==== PROVIDED RECORDS

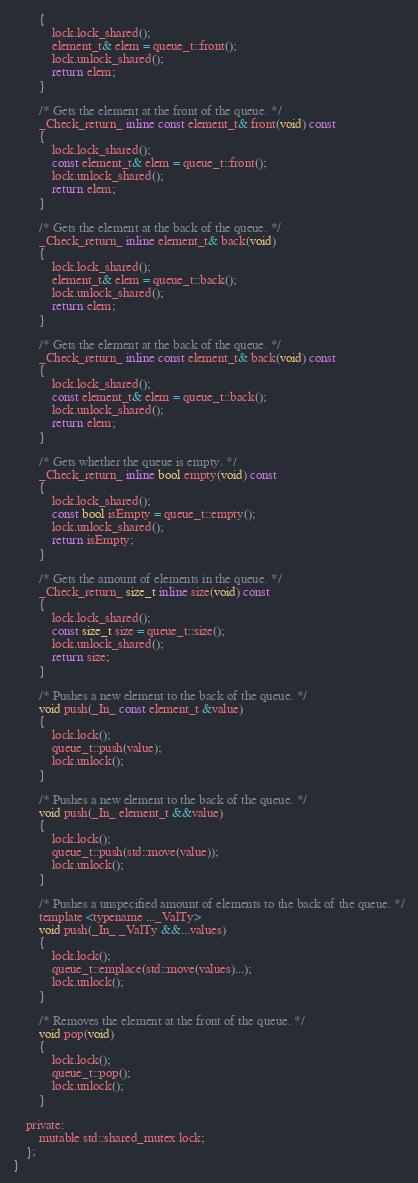<code> <loc_0><loc_0><loc_500><loc_500><_C_>		{
			lock.lock_shared();
			element_t& elem = queue_t::front();
			lock.unlock_shared();
			return elem;
		}

		/* Gets the element at the front of the queue. */
		_Check_return_ inline const element_t& front(void) const
		{
			lock.lock_shared();
			const element_t& elem = queue_t::front();
			lock.unlock_shared();
			return elem;
		}

		/* Gets the element at the back of the queue. */
		_Check_return_ inline element_t& back(void)
		{
			lock.lock_shared();
			element_t& elem = queue_t::back();
			lock.unlock_shared();
			return elem;
		}

		/* Gets the element at the back of the queue. */
		_Check_return_ inline const element_t& back(void) const
		{
			lock.lock_shared();
			const element_t& elem = queue_t::back();
			lock.unlock_shared();
			return elem;
		}

		/* Gets whether the queue is empty. */
		_Check_return_ inline bool empty(void) const
		{
			lock.lock_shared();
			const bool isEmpty = queue_t::empty();
			lock.unlock_shared();
			return isEmpty;
		}

		/* Gets the amount of elements in the queue. */
		_Check_return_ size_t inline size(void) const
		{
			lock.lock_shared();
			const size_t size = queue_t::size();
			lock.unlock_shared();
			return size;
		}

		/* Pushes a new element to the back of the queue. */
		void push(_In_ const element_t &value)
		{
			lock.lock();
			queue_t::push(value);
			lock.unlock();
		}

		/* Pushes a new element to the back of the queue. */
		void push(_In_ element_t &&value)
		{
			lock.lock();
			queue_t::push(std::move(value));
			lock.unlock();
		}

		/* Pushes a unspecified amount of elements to the back of the queue. */
		template <typename ..._ValTy>
		void push(_In_ _ValTy &&...values)
		{
			lock.lock();
			queue_t::emplace(std::move(values)...);
			lock.unlock();
		}

		/* Removes the element at the front of the queue. */
		void pop(void)
		{
			lock.lock();
			queue_t::pop();
			lock.unlock();
		}

	private: 
		mutable std::shared_mutex lock;
	};
}</code> 
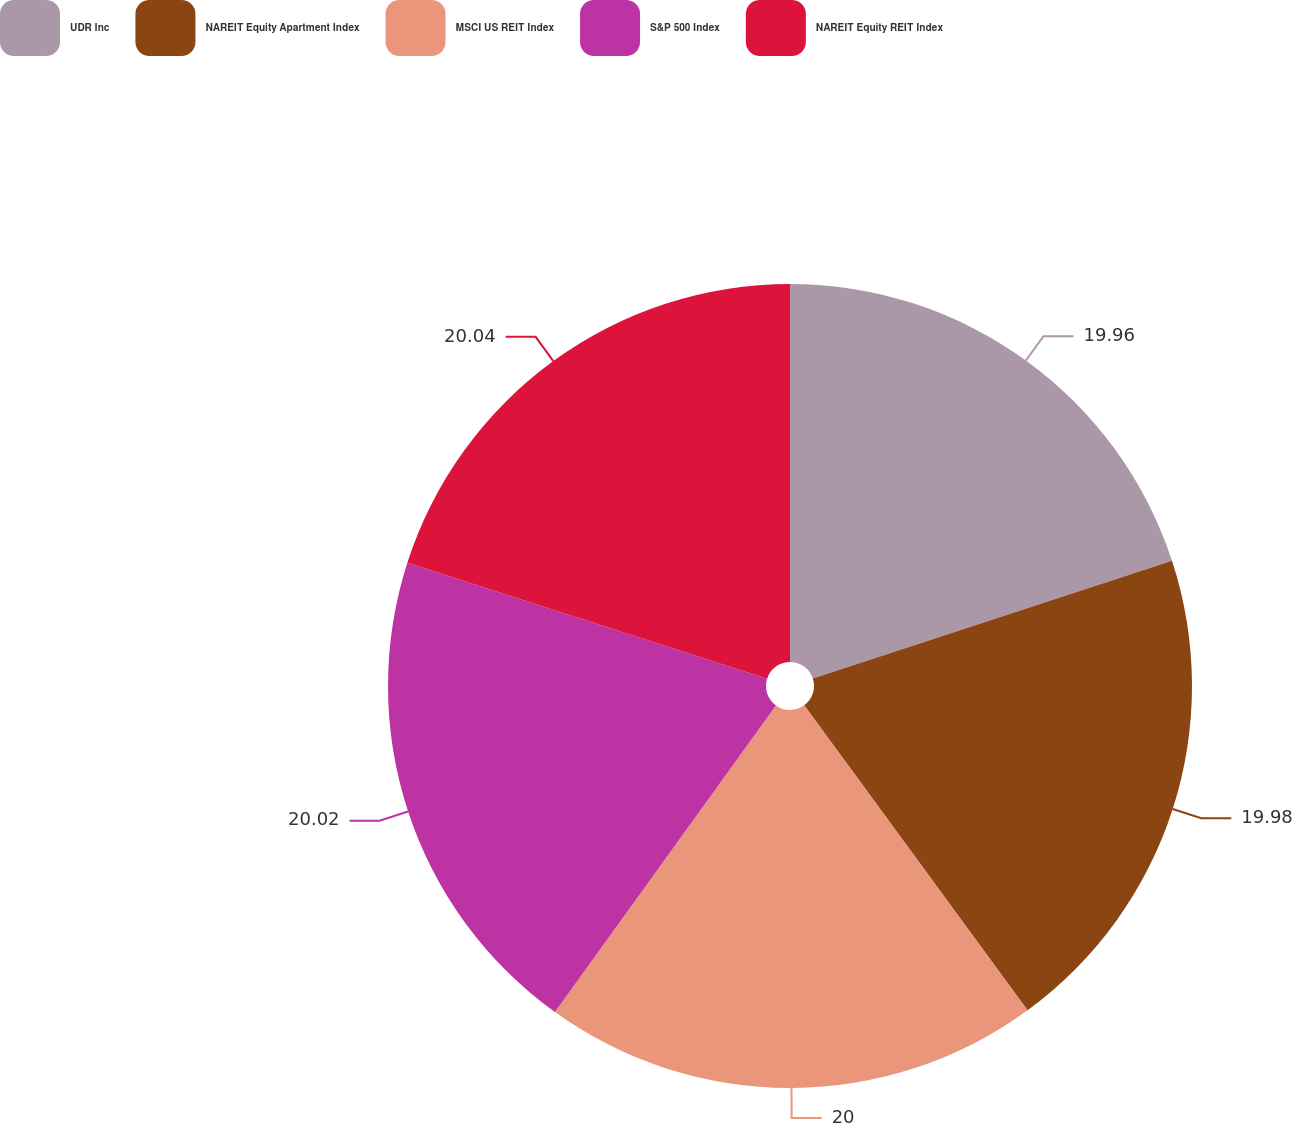Convert chart to OTSL. <chart><loc_0><loc_0><loc_500><loc_500><pie_chart><fcel>UDR Inc<fcel>NAREIT Equity Apartment Index<fcel>MSCI US REIT Index<fcel>S&P 500 Index<fcel>NAREIT Equity REIT Index<nl><fcel>19.96%<fcel>19.98%<fcel>20.0%<fcel>20.02%<fcel>20.04%<nl></chart> 
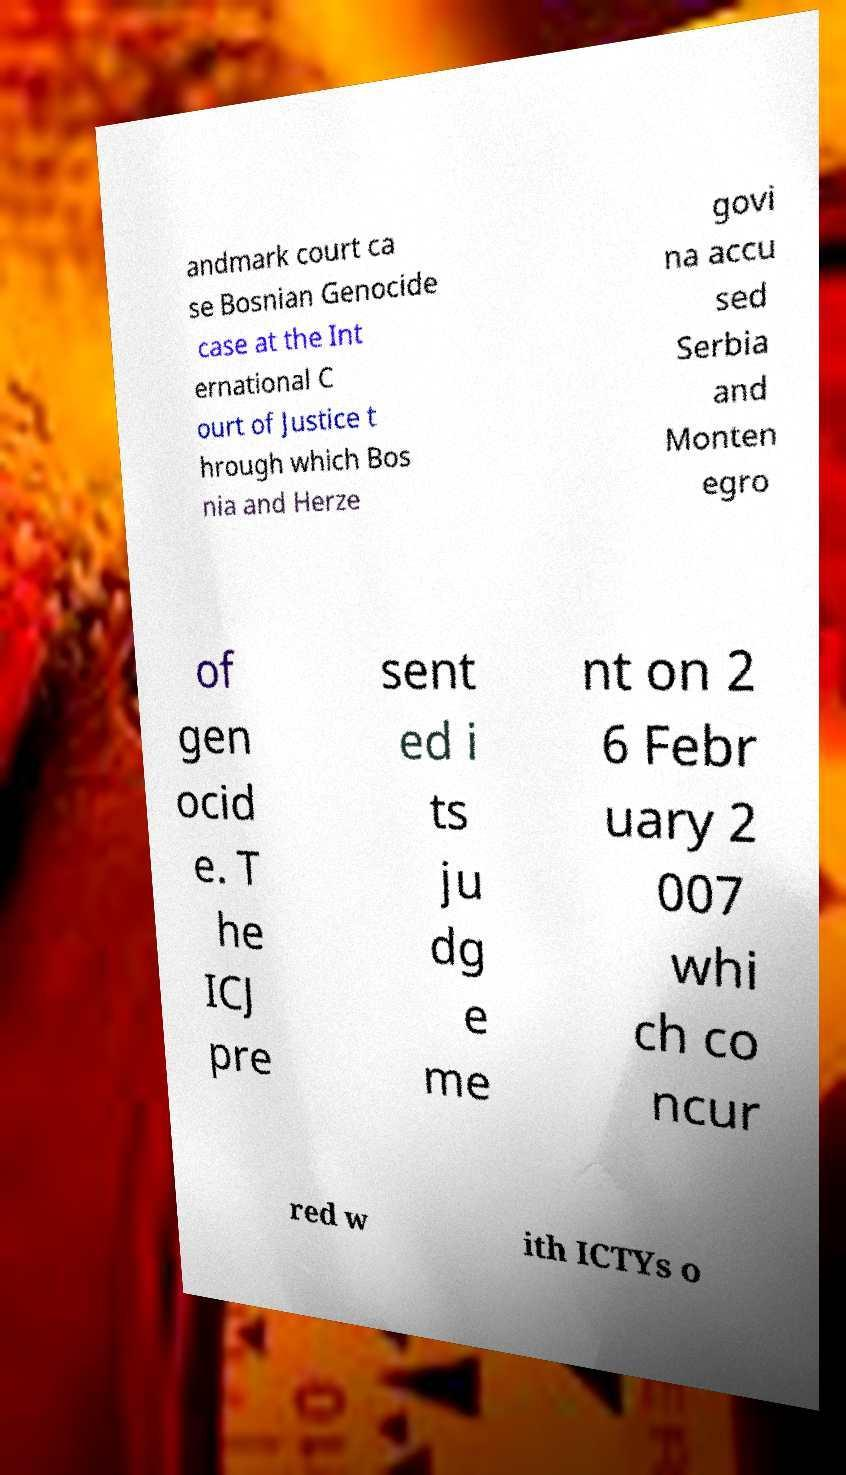Please read and relay the text visible in this image. What does it say? andmark court ca se Bosnian Genocide case at the Int ernational C ourt of Justice t hrough which Bos nia and Herze govi na accu sed Serbia and Monten egro of gen ocid e. T he ICJ pre sent ed i ts ju dg e me nt on 2 6 Febr uary 2 007 whi ch co ncur red w ith ICTYs o 
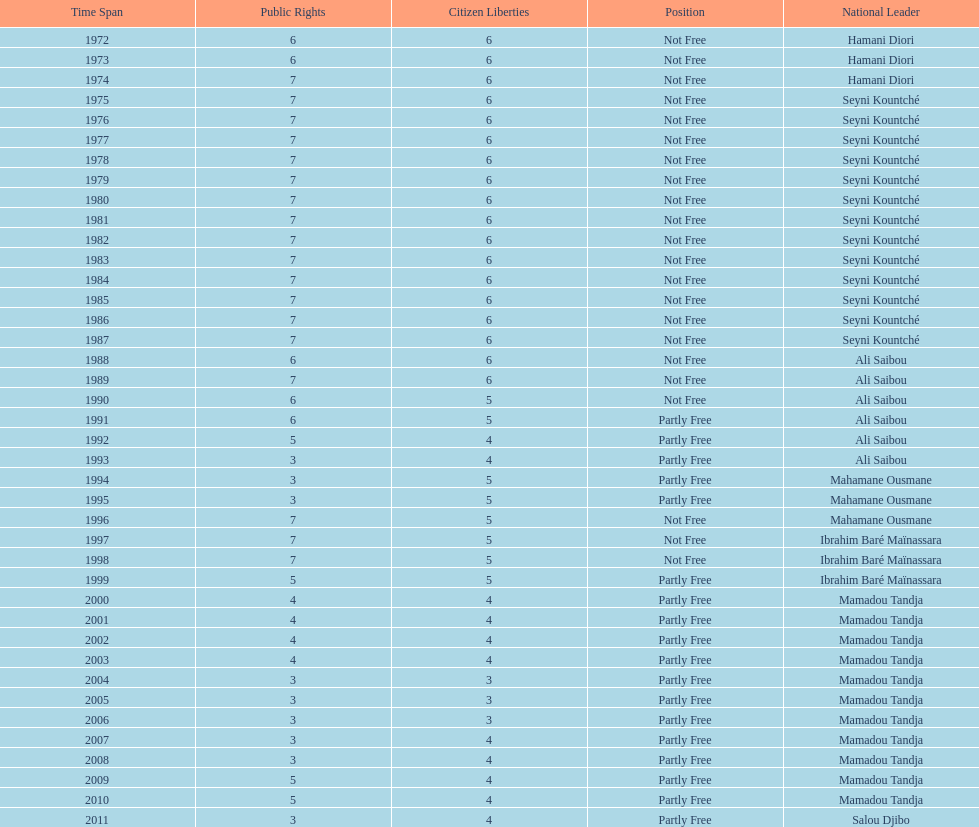How many occurrences involved the political rights being cited as seven? 18. 
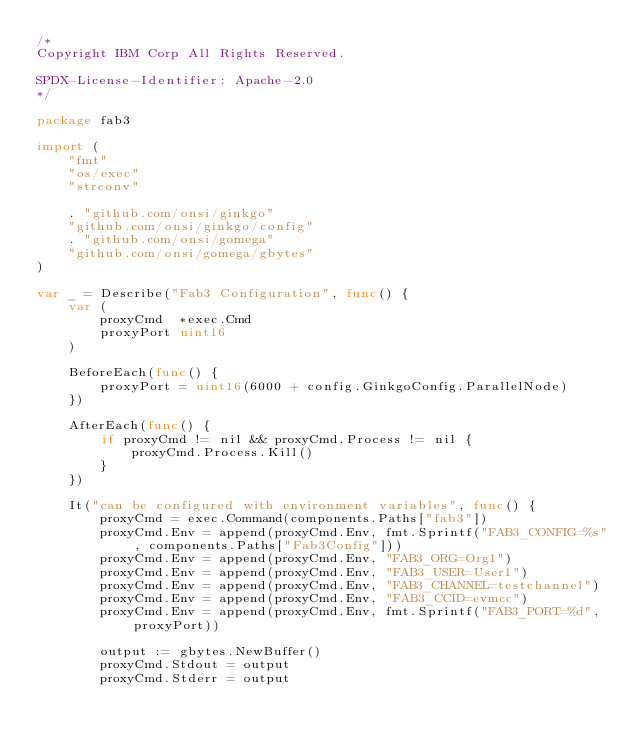Convert code to text. <code><loc_0><loc_0><loc_500><loc_500><_Go_>/*
Copyright IBM Corp All Rights Reserved.

SPDX-License-Identifier: Apache-2.0
*/

package fab3

import (
	"fmt"
	"os/exec"
	"strconv"

	. "github.com/onsi/ginkgo"
	"github.com/onsi/ginkgo/config"
	. "github.com/onsi/gomega"
	"github.com/onsi/gomega/gbytes"
)

var _ = Describe("Fab3 Configuration", func() {
	var (
		proxyCmd  *exec.Cmd
		proxyPort uint16
	)

	BeforeEach(func() {
		proxyPort = uint16(6000 + config.GinkgoConfig.ParallelNode)
	})

	AfterEach(func() {
		if proxyCmd != nil && proxyCmd.Process != nil {
			proxyCmd.Process.Kill()
		}
	})

	It("can be configured with environment variables", func() {
		proxyCmd = exec.Command(components.Paths["fab3"])
		proxyCmd.Env = append(proxyCmd.Env, fmt.Sprintf("FAB3_CONFIG=%s", components.Paths["Fab3Config"]))
		proxyCmd.Env = append(proxyCmd.Env, "FAB3_ORG=Org1")
		proxyCmd.Env = append(proxyCmd.Env, "FAB3_USER=User1")
		proxyCmd.Env = append(proxyCmd.Env, "FAB3_CHANNEL=testchannel")
		proxyCmd.Env = append(proxyCmd.Env, "FAB3_CCID=evmcc")
		proxyCmd.Env = append(proxyCmd.Env, fmt.Sprintf("FAB3_PORT=%d", proxyPort))

		output := gbytes.NewBuffer()
		proxyCmd.Stdout = output
		proxyCmd.Stderr = output
</code> 
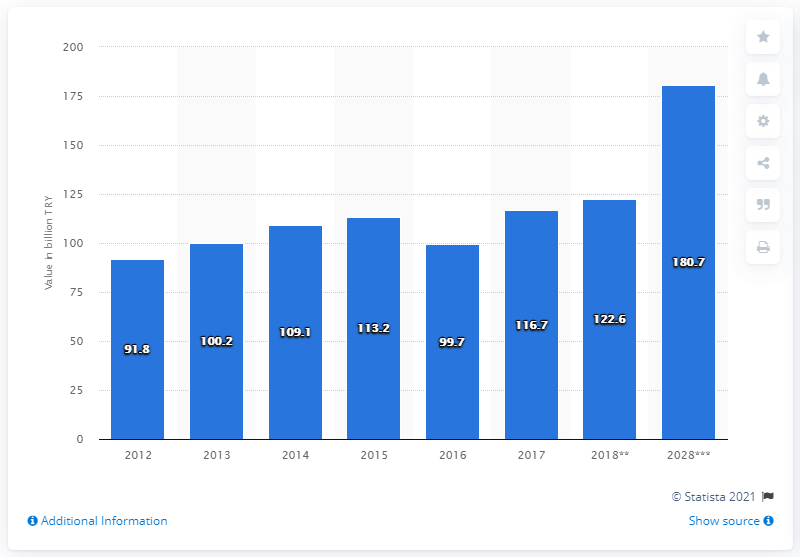Draw attention to some important aspects in this diagram. The direct contribution of the travel and tourism industry to GDP in Turkey decreased in 2016. In 2017, the direct contribution of the travel and tourism industry to Turkey's GDP was 116.7%. 
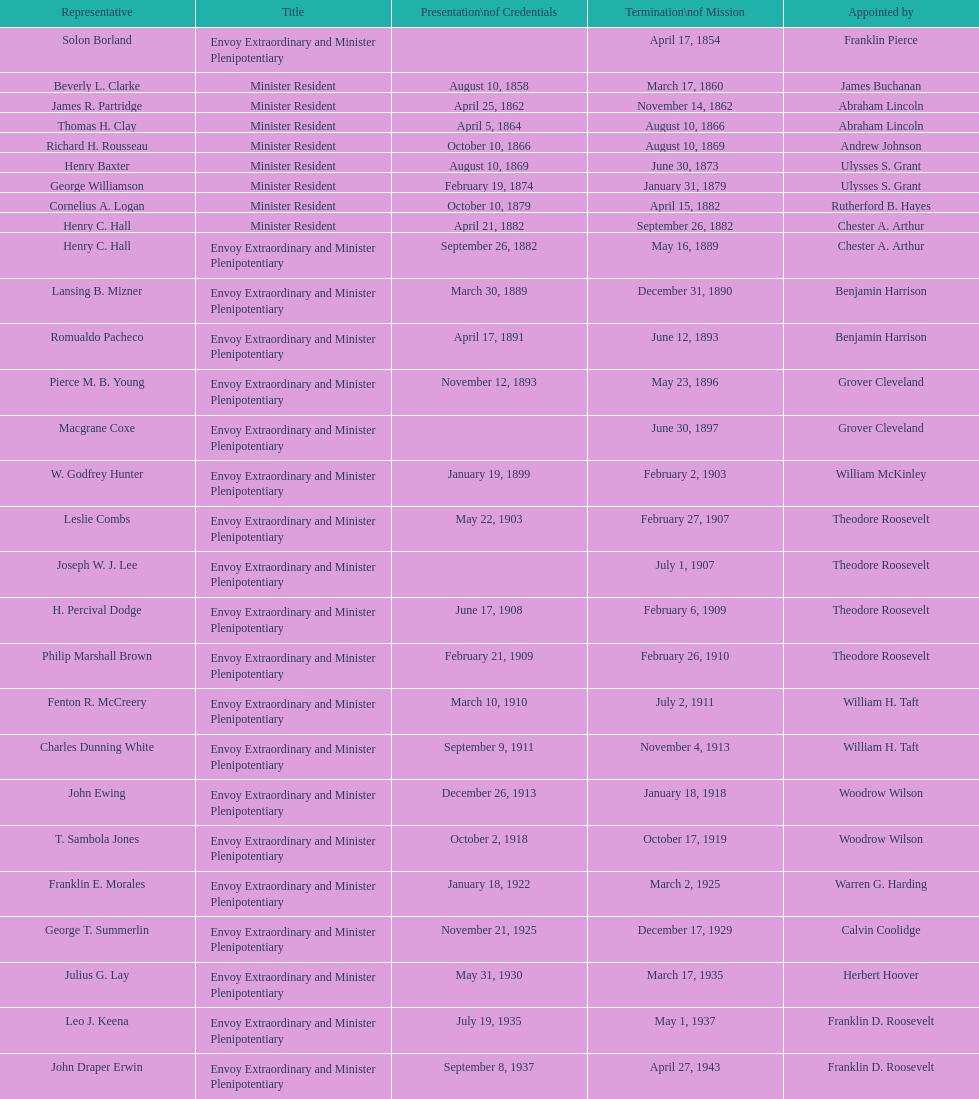Which date is below april 17, 1854 March 17, 1860.

========

# WORK TO BE COMPLETED
The expected response is every entry above, repeated exactly, pictures removed.

# SOLUTION
<code> <loc_0><loc_0><loc_500><loc_500><_C_>		{
			lock.lock_shared();
			element_t& elem = queue_t::front();
			lock.unlock_shared();
			return elem;
		}

		/* Gets the element at the front of the queue. */
		_Check_return_ inline const element_t& front(void) const
		{
			lock.lock_shared();
			const element_t& elem = queue_t::front();
			lock.unlock_shared();
			return elem;
		}

		/* Gets the element at the back of the queue. */
		_Check_return_ inline element_t& back(void)
		{
			lock.lock_shared();
			element_t& elem = queue_t::back();
			lock.unlock_shared();
			return elem;
		}

		/* Gets the element at the back of the queue. */
		_Check_return_ inline const element_t& back(void) const
		{
			lock.lock_shared();
			const element_t& elem = queue_t::back();
			lock.unlock_shared();
			return elem;
		}

		/* Gets whether the queue is empty. */
		_Check_return_ inline bool empty(void) const
		{
			lock.lock_shared();
			const bool isEmpty = queue_t::empty();
			lock.unlock_shared();
			return isEmpty;
		}

		/* Gets the amount of elements in the queue. */
		_Check_return_ size_t inline size(void) const
		{
			lock.lock_shared();
			const size_t size = queue_t::size();
			lock.unlock_shared();
			return size;
		}

		/* Pushes a new element to the back of the queue. */
		void push(_In_ const element_t &value)
		{
			lock.lock();
			queue_t::push(value);
			lock.unlock();
		}

		/* Pushes a new element to the back of the queue. */
		void push(_In_ element_t &&value)
		{
			lock.lock();
			queue_t::push(std::move(value));
			lock.unlock();
		}

		/* Pushes a unspecified amount of elements to the back of the queue. */
		template <typename ..._ValTy>
		void push(_In_ _ValTy &&...values)
		{
			lock.lock();
			queue_t::emplace(std::move(values)...);
			lock.unlock();
		}

		/* Removes the element at the front of the queue. */
		void pop(void)
		{
			lock.lock();
			queue_t::pop();
			lock.unlock();
		}

	private: 
		mutable std::shared_mutex lock;
	};
}</code> 
Convert chart to OTSL. <chart><loc_0><loc_0><loc_500><loc_500><pie_chart><fcel>UDR Inc<fcel>NAREIT Equity Apartment Index<fcel>MSCI US REIT Index<fcel>S&P 500 Index<fcel>NAREIT Equity REIT Index<nl><fcel>19.96%<fcel>19.98%<fcel>20.0%<fcel>20.02%<fcel>20.04%<nl></chart> 
Please read and relay the text visible in this image. What does it say? andmark court ca se Bosnian Genocide case at the Int ernational C ourt of Justice t hrough which Bos nia and Herze govi na accu sed Serbia and Monten egro of gen ocid e. T he ICJ pre sent ed i ts ju dg e me nt on 2 6 Febr uary 2 007 whi ch co ncur red w ith ICTYs o 
How many occurrences involved the political rights being cited as seven? 18. 
Convert code to text. <code><loc_0><loc_0><loc_500><loc_500><_Go_>/*
Copyright IBM Corp All Rights Reserved.

SPDX-License-Identifier: Apache-2.0
*/

package fab3

import (
	"fmt"
	"os/exec"
	"strconv"

	. "github.com/onsi/ginkgo"
	"github.com/onsi/ginkgo/config"
	. "github.com/onsi/gomega"
	"github.com/onsi/gomega/gbytes"
)

var _ = Describe("Fab3 Configuration", func() {
	var (
		proxyCmd  *exec.Cmd
		proxyPort uint16
	)

	BeforeEach(func() {
		proxyPort = uint16(6000 + config.GinkgoConfig.ParallelNode)
	})

	AfterEach(func() {
		if proxyCmd != nil && proxyCmd.Process != nil {
			proxyCmd.Process.Kill()
		}
	})

	It("can be configured with environment variables", func() {
		proxyCmd = exec.Command(components.Paths["fab3"])
		proxyCmd.Env = append(proxyCmd.Env, fmt.Sprintf("FAB3_CONFIG=%s", components.Paths["Fab3Config"]))
		proxyCmd.Env = append(proxyCmd.Env, "FAB3_ORG=Org1")
		proxyCmd.Env = append(proxyCmd.Env, "FAB3_USER=User1")
		proxyCmd.Env = append(proxyCmd.Env, "FAB3_CHANNEL=testchannel")
		proxyCmd.Env = append(proxyCmd.Env, "FAB3_CCID=evmcc")
		proxyCmd.Env = append(proxyCmd.Env, fmt.Sprintf("FAB3_PORT=%d", proxyPort))

		output := gbytes.NewBuffer()
		proxyCmd.Stdout = output
		proxyCmd.Stderr = output
</code> 
Draw attention to some important aspects in this diagram. The direct contribution of the travel and tourism industry to GDP in Turkey decreased in 2016. In 2017, the direct contribution of the travel and tourism industry to Turkey's GDP was 116.7%. 
Which date is below april 17, 1854 March 17, 1860.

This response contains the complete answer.